Warren Buffett has recommendations for dealing with media:

3. With journalists, remember, their hypothesis is often wrong but never in doubt

Buffett revealed one of the most profound insights anyone has ever told me about the media (just fyi, I was publisher of Forbes Magazine for 20 years):

“The biggest sin in journalism is that a journalist has to start with a working hypothesis but they don’t always give that up when the facts prove it’s incorrect or misleading.”

His point is that once a journalist gets a hot lead they poke around with a few reliable sources that are likely to be confirmatory, like your competitors or plaintiff attorneys suing you or disgruntled employees. With all that confirmation making them look smart, it can be hard for a journalist to back down.

Here’s the problem. Journalist sources must be quotable and on the record, always available for deadlines. Now ask yourself, why would someone of that caliber be so generous with their time? Because they have an ax to grind or a bank account to fill.

Which explains why the best journalist sources are often conflicted, a fact the journalist knows but loathes to admit. The cast of rogues can also include anti-business activist groups and government regulators. As Buffett told me:

“People who have a vested interest (in one side of the story) are feeding the journalist confirmatory material all along the line.”

The Buffett lesson is simple. You don’t want to hear the slime from the journalist, but better you know where he or she is coming from then read about it in someone’s Facebook feed that afternoon.

…..
9. If you want smarter journalists, then make them so.

It’s not uncommon to hear how journalists know so little about your business.

I asked Buffett if it frustrated him? He replied it was a fact of life, but it can cause journalists to underestimate the challenges and can affect their reporting, especially on complex or polarizing topics. Buffett said:

“Mickey Mantle once told me, ‘it’s amazing how easy this game is once you get up in the press box.”

The fact is, journalists aren’t paid to be experts on your business, they’re paid to know what their readers want to see and to be able to get a good story out of you. Period.

Your business is just a sideline for a journalist, a practical hobby at best.

Buffett went on to say,

“It’s a little hard for journalists to be planted in boardrooms around the country, but I do think that business journalists have to understand accounting and business practices.”
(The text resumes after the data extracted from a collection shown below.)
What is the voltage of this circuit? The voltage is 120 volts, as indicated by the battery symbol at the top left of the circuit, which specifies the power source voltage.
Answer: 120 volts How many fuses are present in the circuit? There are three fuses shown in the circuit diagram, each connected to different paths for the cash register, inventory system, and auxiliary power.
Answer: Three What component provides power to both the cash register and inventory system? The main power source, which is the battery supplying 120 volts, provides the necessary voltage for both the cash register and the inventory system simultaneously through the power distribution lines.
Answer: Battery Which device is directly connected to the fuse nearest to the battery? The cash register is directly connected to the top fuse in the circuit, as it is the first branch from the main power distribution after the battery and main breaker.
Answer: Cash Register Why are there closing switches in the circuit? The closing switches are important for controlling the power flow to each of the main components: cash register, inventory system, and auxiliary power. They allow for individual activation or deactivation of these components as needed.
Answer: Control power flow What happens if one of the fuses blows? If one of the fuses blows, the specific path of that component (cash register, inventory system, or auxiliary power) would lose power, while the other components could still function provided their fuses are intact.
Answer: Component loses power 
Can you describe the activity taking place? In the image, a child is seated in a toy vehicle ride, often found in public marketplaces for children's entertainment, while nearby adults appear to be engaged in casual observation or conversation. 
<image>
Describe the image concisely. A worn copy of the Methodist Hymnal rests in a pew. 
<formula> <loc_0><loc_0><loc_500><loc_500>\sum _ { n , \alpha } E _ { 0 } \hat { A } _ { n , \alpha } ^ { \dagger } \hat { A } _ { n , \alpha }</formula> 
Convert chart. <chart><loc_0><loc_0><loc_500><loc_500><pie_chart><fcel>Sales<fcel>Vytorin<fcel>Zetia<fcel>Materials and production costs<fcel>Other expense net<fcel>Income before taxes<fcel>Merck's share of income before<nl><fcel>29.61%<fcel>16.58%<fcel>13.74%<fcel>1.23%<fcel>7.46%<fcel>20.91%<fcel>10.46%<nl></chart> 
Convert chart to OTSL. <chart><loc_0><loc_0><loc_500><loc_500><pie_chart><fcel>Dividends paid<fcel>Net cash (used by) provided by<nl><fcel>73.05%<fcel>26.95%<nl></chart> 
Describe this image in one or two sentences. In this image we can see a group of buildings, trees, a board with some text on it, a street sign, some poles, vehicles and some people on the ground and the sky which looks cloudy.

There is a small but profitable activity for a CEO willing to tutor the earnest reporter in the art of the deal and business best practices, especially as background during a slow news period. You need to start the training with the right reporters, take them under your wing before they need you or you need them. Over time, you’ll see how fast a study they are and the favor will pay itself back a thousandfold.

That’s for CEOs, but for others of us out there, we know we have to talk to people to try to get them to cover our stories. I have talked with a lot of reporters in my day — sometimes I get quoted, but many times I do not. It’s mainly that I want to point them to some facts and to have them cover it.

They can go looking for the human interest angle – I don’t do that myself, I’m a numbers nerd – to me, it’s more important that my message get out than it’s identified with my name.

So those are just a few thoughts for now.

I may pull apart the various strands of this death of expertise. After all, I have a direct interest in this, being an expert in my own way.